The Scintillator is a crystal that gives off a little light pulse (Cherenkov radiation) when hit by a particle. Gamma rays (X-ray photons) for example. The reason is that the particle is traveling faster than the speed of light (in the crystal where the speed of light is less than in the air outside the crystal). This is not allowed, so the particle has to slow down by dumping energy, and it does so by emitting photons (light) in the visible spectra. (Actually, the particle rattles the crystal lattice, and it sends out light as it relaxes.)

A sensitive detector (here below: a photo multiplier tube) picks up the light from the crystal and converts it into a small electric impulses, one for each photon! In the pulse in the left picture below, there is a "forest" of impulses, probably thousands per sweep, more than the detector can separate. To the eye, it looks like a burst of noise on the oscilloscope.

 

A burst of 65 kV photons (X-rays) as detected --- and the LogProbe response

 

A simple X-ray machine, like a dental X-ray, has no rectifier built in. Every time the polarity of the line voltage is right, and the voltage is high enough, it does its job. 60 times/second here in the US. The sweep speed on the oscilloscope was 1 ms/cm, so the machine is only active about 1.6 ms every 16 ms or 10% of the time.
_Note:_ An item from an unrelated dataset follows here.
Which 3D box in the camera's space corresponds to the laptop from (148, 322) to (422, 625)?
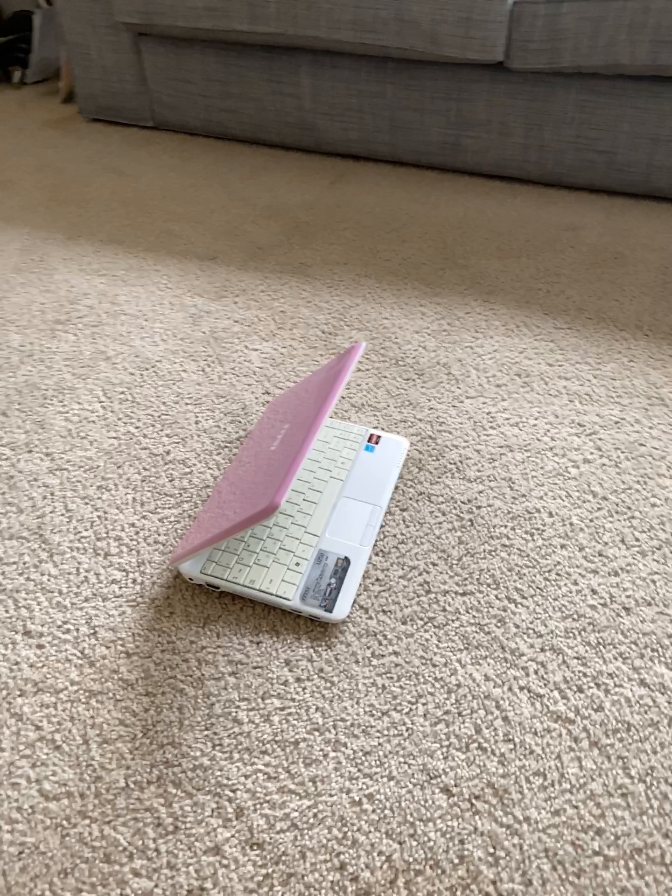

Both pictures exposed for 1 s (~60 sweeps). PMT voltage = 1000 V. The vertical scale on the pictures are 2 V/cm on the left and 0.1 V/cm on the LogProbe output to the right.

On the left picture we can see how the intensity grows in a mostly exponential manner. On the right it looks like this is basically true (straight line going up = exponential growth) although it is "broken" halfway, so the coefficient of the exponential function changes. There is furthermore a small blip just before the main pulse. This is not even visible in the left picture. Then the power is virtually constant for 1.4 ms before dropping again. At 1.5 ms to the right of the center is a last pulse, the nature of which I do not know. Maybe some resonant phenomena in the high voltage transformer.

It is clear that LogProbe does a good job of interpreting this complex signal. With an output pulse of 0.25 V above its base line, it is barely started on its logarithmic output response of 0.05 - 9.25 V and much stronger signals could have been displayed.